[Opening DATA FOR THIS TASK section]
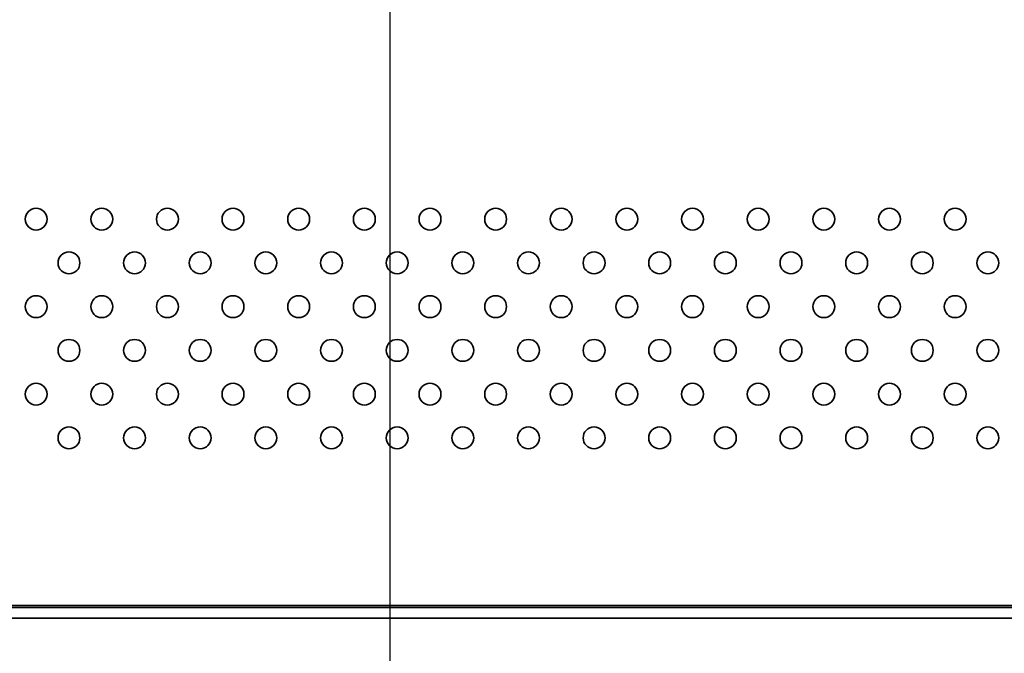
# Model space of a CAD drawing. Header units: millimetres. Extents: x 0 to 5110, y 0 to 2376.
# Tile 58 of 95: x 2511 to 2646, y 1498 to 1585. Entities that reach past the tile are written whole.
import ezdxf

# ---------------------------------------------------------------- set-up
doc = ezdxf.new("R2010")
doc.units = ezdxf.units.MM
doc.header["$LTSCALE"] = 8
doc.layers.add('Bemaßungen(ISO)', color=7, linetype='Continuous', lineweight=18)
doc.layers.add('Sichtbare Kanten(ISO)', color=7, linetype='Continuous', lineweight=35)
doc.styles.add('Aktuell-ISOGroßer Text', font='arial.ttf')
doc.dimstyles.new('X.XXXGroßer Text', dxfattribs={"dimscale": 8, "dimtxt": 3.048, "dimasz": 5, "dimexe": 3.175, "dimexo": 0.75, "dimgap": 0.762, "dimtad": 1, "dimdec": 1, "dimrnd": 1e-08, "dimzin": 12, "dimtxsty": 'Aktuell-ISOGroßer Text', "dimcen": 0.09, "dimdle": 10, "dimclrd": 256, "dimclre": 256, "dimclrt": 7, "dimadec": 0, "dimazin": 3, "dimtfac": 0.656168, "dimtdec": 1, "dimtmove": 0, "dimatfit": 3, "dimfxl": 1, "dimtolj": 1, "dimlwd": 25, "dimlwe": 25, "dimarcsym": 0})

# ---------------------------------------------------------------- blocks, each defined once
blk = doc.blocks.new('*D21')
at = {"layer": 'Bemaßungen(ISO)', "color": 250, "linetype": 'Continuous', "lineweight": 25, "true_color": 0x3f3f3f, "transparency": 16777216}
for p, q in [((2561.52, 1619.25), (2561.52, 1302.93)), ((2220.77, 1498.5), (2220.77, 1302.93)), ((2260.77, 1328.33), (2521.52, 1328.33))]:
    blk.add_line(p, q, dxfattribs=at)
at = {"layer": 'Bemaßungen(ISO)', "color": 250, "linetype": 'Continuous', "true_color": 0x3f3f3f, "transparency": 16777216}
for points in [[(2260.77, 1335), (2260.77, 1321.66), (2220.77, 1328.33)], [(2521.52, 1335), (2521.52, 1321.66), (2561.52, 1328.33)]]:
    blk.add_solid(points, dxfattribs=at)
at = {"layer": 'Defpoints', "color": 0, "linetype": 'Continuous', "transparency": 16777216}
for p in [(2561.52, 1625.25), (2220.77, 1504.5), (2561.52, 1328.33)]:
    blk.add_point(p, dxfattribs=at)
at = {"layer": 'Bemaßungen(ISO)', "color": 7, "linetype": 'Continuous', "lineweight": 25, "transparency": 16777216, "insert": (2354.76, 1363.73), "char_height": 24.384, "attachment_point": 1, "style": 'Aktuell-ISOGroßer Text'}
blk.add_mtext('\\A1;340,7', dxfattribs=at)
blk = doc.blocks.new('*D22')
at = {"layer": 'Bemaßungen(ISO)', "color": 250, "linetype": 'Continuous', "lineweight": 25, "true_color": 0x3f3f3f, "transparency": 16777216}
for p, q in [((2561.52, 1619.25), (2561.52, 1304.85)), ((2761.52, 1619.25), (2761.52, 1304.85)), ((2601.52, 1330.25), (2721.52, 1330.25))]:
    blk.add_line(p, q, dxfattribs=at)
at = {"layer": 'Bemaßungen(ISO)', "color": 250, "linetype": 'Continuous', "true_color": 0x3f3f3f, "transparency": 16777216}
for points in [[(2601.52, 1336.92), (2601.52, 1323.59), (2561.52, 1330.25)], [(2721.52, 1336.92), (2721.52, 1323.59), (2761.52, 1330.25)]]:
    blk.add_solid(points, dxfattribs=at)
at = {"layer": 'Defpoints', "color": 0, "linetype": 'Continuous', "transparency": 16777216}
for p in [(2561.52, 1625.25), (2761.52, 1625.25), (2761.52, 1330.25)]:
    blk.add_point(p, dxfattribs=at)
at = {"layer": 'Bemaßungen(ISO)', "color": 7, "linetype": 'Continuous', "lineweight": 25, "transparency": 16777216, "insert": (2634.41, 1361.25), "char_height": 24.384, "attachment_point": 1, "style": 'Aktuell-ISOGroßer Text'}
blk.add_mtext('\\A1;200', dxfattribs=at)
blk = doc.blocks.new('*D23')
at = {"layer": 'Bemaßungen(ISO)', "color": 250, "linetype": 'Continuous', "lineweight": 25, "true_color": 0x3f3f3f, "transparency": 16777216}
for p, q in [((2481.52, 1619.25), (2481.52, 1375.85)), ((2561.52, 1619.25), (2561.52, 1375.85)), ((2441.52, 1401.25), (2401.52, 1401.25)), ((2481.52, 1401.25), (2561.52, 1401.25)), ((2601.52, 1401.25), (2641.52, 1401.25))]:
    blk.add_line(p, q, dxfattribs=at)
at = {"layer": 'Bemaßungen(ISO)', "color": 250, "linetype": 'Continuous', "true_color": 0x3f3f3f, "transparency": 16777216}
for points in [[(2441.52, 1407.92), (2441.52, 1394.59), (2481.52, 1401.25)], [(2601.52, 1407.92), (2601.52, 1394.59), (2561.52, 1401.25)]]:
    blk.add_solid(points, dxfattribs=at)
at = {"layer": 'Defpoints', "color": 0, "linetype": 'Continuous', "transparency": 16777216}
for p in [(2481.52, 1625.25), (2561.52, 1625.25), (2561.52, 1401.25)]:
    blk.add_point(p, dxfattribs=at)
at = {"layer": 'Bemaßungen(ISO)', "color": 7, "linetype": 'Continuous', "lineweight": 25, "transparency": 16777216, "insert": (2504.08, 1432.25), "char_height": 24.384, "attachment_point": 1, "style": 'Aktuell-ISOGroßer Text'}
blk.add_mtext('\\A1;80', dxfattribs=at)

msp = doc.modelspace()

# ---------------------------------------------------------------- linework, layer by layer
at = {"layer": 'Sichtbare Kanten(ISO)'}
for p, q in [((3100.77, 1504.5), (2222.27, 1504.5)), ((3099.11, 1504.75), (2223.92, 1504.75)), ((3100.77, 1503), (2222.27, 1503))]:
    msp.add_line(p, q, dxfattribs=at)
for centre in [(2513.02, 1557.75), (2522.02, 1557.75), (2531.02, 1557.75), (2540.02, 1557.75), (2549.02, 1557.75), (2558.02, 1557.75), (2567.02, 1557.75), (2576.02, 1557.75), (2585.02, 1557.75), (2594.02, 1557.75), (2603.02, 1557.75), (2612.02, 1557.75), (2621.02, 1557.75), (2630.02, 1557.75), (2639.02, 1557.75), (2517.52, 1551.75), (2526.52, 1551.75), (2535.52, 1551.75), (2544.52, 1551.75), (2553.52, 1551.75), (2562.52, 1551.75), (2571.52, 1551.75), (2580.52, 1551.75), (2589.52, 1551.75), (2598.52, 1551.75), (2607.52, 1551.75), (2616.52, 1551.75), (2625.52, 1551.75), (2634.52, 1551.75), (2643.52, 1551.75), (2513.02, 1545.75), (2522.02, 1545.75), (2531.02, 1545.75), (2540.02, 1545.75), (2549.02, 1545.75), (2558.02, 1545.75), (2567.02, 1545.75), (2576.02, 1545.75), (2585.02, 1545.75), (2594.02, 1545.75), (2603.02, 1545.75), (2612.02, 1545.75), (2621.02, 1545.75), (2630.02, 1545.75), (2639.02, 1545.75), (2517.52, 1539.75), (2526.52, 1539.75), (2535.52, 1539.75), (2544.52, 1539.75), (2553.52, 1539.75), (2562.52, 1539.75), (2571.52, 1539.75), (2580.52, 1539.75), (2589.52, 1539.75), (2598.52, 1539.75), (2607.52, 1539.75), (2616.52, 1539.75), (2625.52, 1539.75), (2634.52, 1539.75), (2643.52, 1539.75), (2513.02, 1533.75), (2522.02, 1533.75), (2531.02, 1533.75), (2540.02, 1533.75), (2549.02, 1533.75), (2558.02, 1533.75), (2567.02, 1533.75), (2576.02, 1533.75), (2585.02, 1533.75), (2594.02, 1533.75), (2603.02, 1533.75), (2612.02, 1533.75), (2621.02, 1533.75), (2630.02, 1533.75), (2639.02, 1533.75), (2517.52, 1527.75), (2526.52, 1527.75), (2535.52, 1527.75), (2544.52, 1527.75), (2553.52, 1527.75), (2562.52, 1527.75), (2571.52, 1527.75), (2580.52, 1527.75), (2589.52, 1527.75), (2598.52, 1527.75), (2607.52, 1527.75), (2616.52, 1527.75), (2625.52, 1527.75), (2634.52, 1527.75), (2643.52, 1527.75)]:
    msp.add_circle(centre, 1.5, dxfattribs=at)

# ---------------------------------------------------------------- dimensions: what is measured, and where the dimension line sits
at = {"layer": 'Bemaßungen(ISO)', "color": 250, "linetype": 'Continuous', "lineweight": 25, "true_color": 0x3f3f3f}
dim = msp.add_linear_dim(base=(2561.51733243, 1328.33115068), p1=(2220.76733243, 1504.50183235), p2=(2561.51733243, 1625.25183235), dimstyle='X.XXXGroßer Text', override={"dimdec": 1, "dimtp": 0, "dimtm": 0, "dimtdec": 1, "dimtofl": 0, "dimatfit": 1}, dxfattribs=at)
dim.commit()
dim.dimension.update_dxf_attribs({"geometry": '*D21', "text_midpoint": (2395.8975793, 1328.33115068), "dimtype": 160})
for base, p1, p2, override, picture, middle in [((2561.52, 1401.25), (2481.52, 1625.25), (2561.52, 1625.25), {"dimdec": 1, "dimtp": 0, "dimtm": 0, "dimtdec": 1, "dimtofl": 1, "dimatfit": 1}, '*D23', (2521.52, 1401.25)), ((2761.52, 1330.25), (2561.52, 1625.25), (2761.52, 1625.25), {"dimdec": 1, "dimtp": 0, "dimtm": 0, "dimtdec": 1, "dimtofl": 0, "dimatfit": 1}, '*D22', (2661.52, 1330.25))]:
    dim = msp.add_linear_dim(base=base, p1=p1, p2=p2, angle=180, dimstyle='X.XXXGroßer Text', override=override, dxfattribs=at)
    dim.commit()
    dim.dimension.update_dxf_attribs({"geometry": picture, "text_midpoint": middle, "dimtype": 160})

doc.saveas('drawing.dxf')
[Closing DATA FOR THIS TASK section]
ACTIVITY
Return word for word the lines from the beginning of the entries through the line that contains "doc.styles.add('Aktuell-ISOGroßer Text', font='arial.ttf')", both ends included, but no pictures.

RESPONSE
# Model space of a CAD drawing. Header units: millimetres. Extents: x 0 to 5110, y 0 to 2376.
# Tile 58 of 95: x 2511 to 2646, y 1498 to 1585. Entities that reach past the tile are written whole.
import ezdxf

# ---------------------------------------------------------------- set-up
doc = ezdxf.new("R2010")
doc.units = ezdxf.units.MM
doc.header["$LTSCALE"] = 8
doc.layers.add('Bemaßungen(ISO)', color=7, linetype='Continuous', lineweight=18)
doc.layers.add('Sichtbare Kanten(ISO)', color=7, linetype='Continuous', lineweight=35)
doc.styles.add('Aktuell-ISOGroßer Text', font='arial.ttf')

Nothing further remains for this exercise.